Care to elaborate on why ISO-images are inferior?

I have now implemented retry on fail for nodes that fail to convert to NixOS on first try. This reduces the failure rate from ~20% down to ~0%. Retrying adds aprox 1 minute to the provisioning step for each required try.

I have tested 100 provisioning attempts of 7 nodes each. !00% success rate with 13% of the cases requiring retries.

nice! i should check this out a bit further. as a first question, how would you position this vs say doing the infra by terraform?

1 Like

nix-infra does the provisioning and deployment of nodes imperatively because I have found that to be easier to reason about. Especially given that stateful services may require having local disk caches or data stores that may need to be managed. The declarative part is scoped to node and app configuration.

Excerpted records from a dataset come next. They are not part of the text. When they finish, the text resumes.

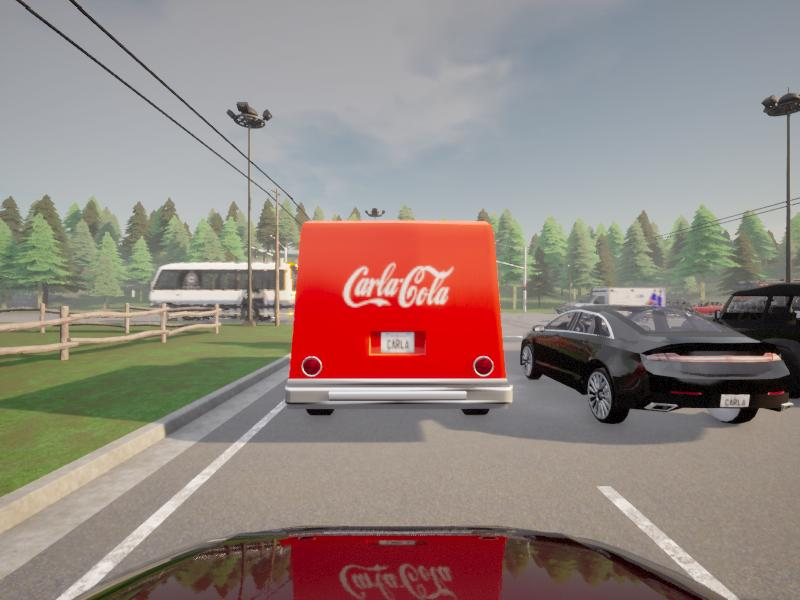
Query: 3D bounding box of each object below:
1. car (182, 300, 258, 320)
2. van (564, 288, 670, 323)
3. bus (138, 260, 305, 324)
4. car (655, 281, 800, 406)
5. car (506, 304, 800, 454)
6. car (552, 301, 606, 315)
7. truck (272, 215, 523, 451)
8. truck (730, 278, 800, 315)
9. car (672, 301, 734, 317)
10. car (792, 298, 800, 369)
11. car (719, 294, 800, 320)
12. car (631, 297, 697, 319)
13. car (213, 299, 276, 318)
[{"bbox_3d":[-14.433,0.801,32.296,5.366,1.575,1.801,0,0,0],"label":"car"},{"bbox_3d":[15.463,0.378,28.762,6.366,2.431,2.351,0,0,0],"label":"van"},{"bbox_3d":[-12.387,-0.534,28.675,10.273,4.253,3.944,0,0,0],"label":"bus"},{"bbox_3d":[6.960,0.646,7.491,1.905,1.878,3.866,0,0,0],"label":"car"},{"bbox_3d":[3.464,0.836,6.582,2.128,1.511,4.902,0,0,0],"label":"car"},{"bbox_3d":[19.020,0.851,42.757,4.792,1.488,2.163,0,0,0],"label":"car"},{"bbox_3d":[-0.037,0.354,6.792,2.627,2.467,5.204,0,0,0],"label":"truck"},{"bbox_3d":[40.635,-0.321,42.736,8.468,3.827,2.891,0,0,0],"label":"truck"},{"bbox_3d":[29.665,0.828,39.244,4.514,1.525,2.007,0,0,0],"label":"car"},{"bbox_3d":[10.472,0.781,7.069,2.152,1.651,5.027,0,0,0],"label":"car"},{"bbox_3d":[29.321,0.569,32.241,5.566,2.045,2.150,0,0,0],"label":"car"},{"bbox_3d":[23.548,0.656,35.751,4.605,1.855,1.932,1,0,0],"label":"car"},{"bbox_3d":[-13.863,0.777,35.798,4.856,1.649,2.033,0,0,0],"label":"car"}]
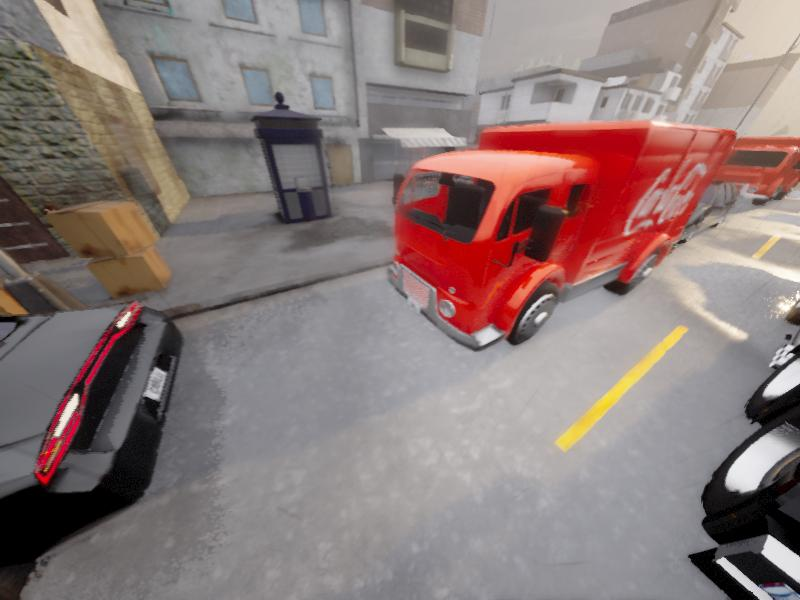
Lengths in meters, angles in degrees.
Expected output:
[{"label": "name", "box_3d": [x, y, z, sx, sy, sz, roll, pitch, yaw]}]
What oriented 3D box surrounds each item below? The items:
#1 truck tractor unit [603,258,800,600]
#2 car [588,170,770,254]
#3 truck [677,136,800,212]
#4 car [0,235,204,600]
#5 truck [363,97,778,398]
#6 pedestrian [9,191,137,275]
[{"label": "truck tractor unit", "box_3d": [5.100, -0.311, 0.800, 6.516, 4.208, 3.053, -19, 39, -25]}, {"label": "car", "box_3d": [8.662, -2.980, 7.159, 5.357, 1.411, 2.033, -18, 39, -25]}, {"label": "truck", "box_3d": [16.229, -5.944, 10.531, 5.204, 2.467, 2.627, -19, 39, -24]}, {"label": "car", "box_3d": [-4.205, 1.243, 0.850, 4.974, 1.542, 2.038, -19, 39, -25]}, {"label": "truck", "box_3d": [2.437, -1.353, 3.815, 5.204, 2.467, 2.627, -19, 39, -25]}, {"label": "pedestrian", "box_3d": [-6.129, -1.306, 4.484, 0.751, 1.300, 0.751, -19, 39, -25]}]

Basically you create an automation script that provisions your nodes and deploy declarative configuration. To support this you build your cluster like an onion:

  1. provision nodes
  2. deploy control plane node configuration
  3. deploy worker node configuration
  4. deploy service app configuration (databases etc.)
  5. deploy worker app configuration (web apps etc.)
  6. deploy ingress configuration
1 Like

thanks for your response! i might wanna try and draw some inspiration from your progress for my terraform tinkering.
given you noted the project is about privacy, do note hetzner does a mitm on their servers, so ensuring privacy may be a bit more involved.

2 Likes

Thanks for the heads up, I’ll look in to that!

1 Like

It’s always nice to see more options for Nix based infra. The flannel and wireguard use is pretty cool!

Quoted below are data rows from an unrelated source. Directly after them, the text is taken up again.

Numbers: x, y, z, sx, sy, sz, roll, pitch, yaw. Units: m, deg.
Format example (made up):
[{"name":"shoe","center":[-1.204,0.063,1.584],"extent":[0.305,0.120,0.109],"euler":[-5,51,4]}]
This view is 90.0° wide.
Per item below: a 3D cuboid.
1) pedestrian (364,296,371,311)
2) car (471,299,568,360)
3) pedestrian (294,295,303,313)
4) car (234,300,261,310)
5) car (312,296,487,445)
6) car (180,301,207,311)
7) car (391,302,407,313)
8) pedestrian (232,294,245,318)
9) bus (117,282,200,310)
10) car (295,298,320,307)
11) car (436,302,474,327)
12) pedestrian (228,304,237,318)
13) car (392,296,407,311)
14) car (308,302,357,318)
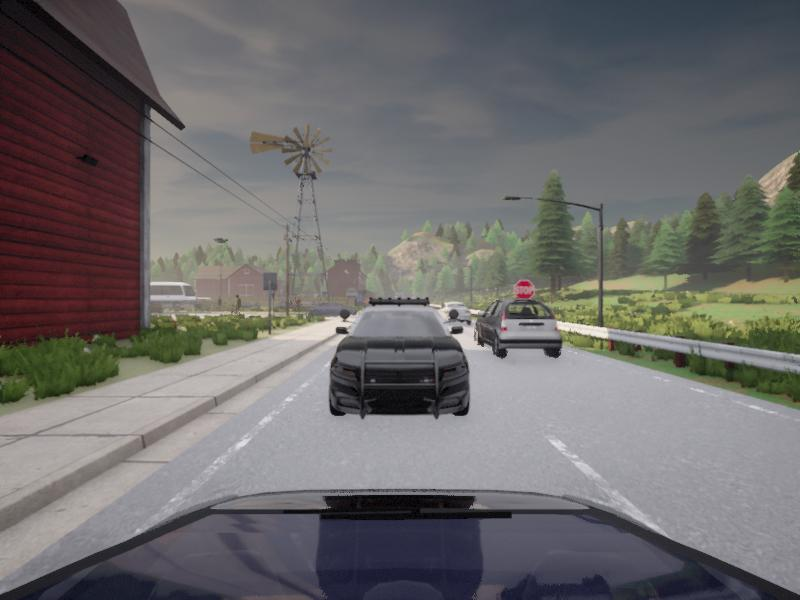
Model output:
[{"name":"pedestrian","center":[-4.163,0.442,50.697],"extent":[0.751,1.860,0.751],"euler":[0,0,8]},{"name":"car","center":[3.483,0.777,12.484],"extent":[1.851,1.617,3.988],"euler":[0,0,0]},{"name":"pedestrian","center":[-10.944,0.448,43.144],"extent":[0.751,1.860,0.751],"euler":[0,0,2]},{"name":"car","center":[-24.228,0.799,63.548],"extent":[3.806,1.475,1.970],"euler":[0,0,-29]},{"name":"car","center":[-0.012,0.765,7.030],"extent":[1.930,1.638,5.238],"euler":[0,0,0]},{"name":"car","center":[-28.887,0.816,56.017],"extent":[1.784,1.438,3.905],"euler":[0,0,-1]},{"name":"car","center":[-0.080,0.901,50.134],"extent":[1.895,1.301,4.718],"euler":[0,0,0]},{"name":"pedestrian","center":[-12.376,0.458,30.640],"extent":[0.751,1.860,0.751],"euler":[0,0,-1]},{"name":"bus","center":[-36.553,-0.591,60.944],"extent":[10.273,4.253,3.944],"euler":[0,0,-1]},{"name":"car","center":[-18.841,0.584,81.725],"extent":[4.605,1.855,1.932],"euler":[0,0,0]},{"name":"car","center":[3.458,0.847,26.005],"extent":[1.812,1.442,4.674],"euler":[0,0,0]},{"name":"pedestrian","center":[-13.091,0.838,31.279],"extent":[0.500,1.100,0.500],"euler":[0,0,0]},{"name":"car","center":[-0.093,0.520,57.667],"extent":[2.150,2.045,5.566],"euler":[0,0,0]},{"name":"car","center":[-5.930,0.877,35.575],"extent":[4.181,1.385,1.994],"euler":[0,0,-5]}]

Since you asked for feedback, here’s a couple things I noticed looking around even though I’m not really the target audience since I prefer stateful infra management.

  • I didn’t see an explanation for what “a cluster” means, I know docs are WIP, but that’s a central concept already used a lot in the README.

  • I’m not convinced a provisioning tool should be installing and configuring NixOS things. I think this might just be a framing thing: the tool does infra and opinionated OS & mesh setup. To me, the name doesn’t express that.

  • The text templating could be replaced with a generated .nix the config imports, just like hardware-configuration.nix and networking.nix to avoid all the pitfalls of using text templating for structured data/code.
    In this case since you want to expose data to the configuration you can do something like:

    {
      options.infrastructure.self = lib.mkOption {
        type = lib.attrs;
        readOnly = true;
        default = { ... };
      };
    }
    

    And in the node config you’d use config.infrastructure.self.example instead of [%%example%%].
    You could use text templating to fill in the default, but you can avoid all the pitfalls by serializing the data to JSON and then parsing it: the only templated thing would be the JSON file path which you control.

  • build.sh in a Nix project is ironic :stuck_out_tongue:

  • guaranteed privacy – all data within your private walled garden

    That’s not really something you can guarantee, you’re better off making more precise claims

Don’t feel pressured to make any of these changes, I’m just commenting on what stood out to me while waiting for NixOS test runs :slight_smile:

1 Like

Many thanks for your thoughtful feedback and I appreciate the humble tone! I really like your note on templating, that is definitely the way to go!

1 Like

Released v0.9.6-alpha with support for specifying placement group when provisioning a node. This will instruct Hetzner to spread your nodes over several racks to avoid a server failure causing complete disruption of service or data loss.

The HA cluster example has been updated to use this feature.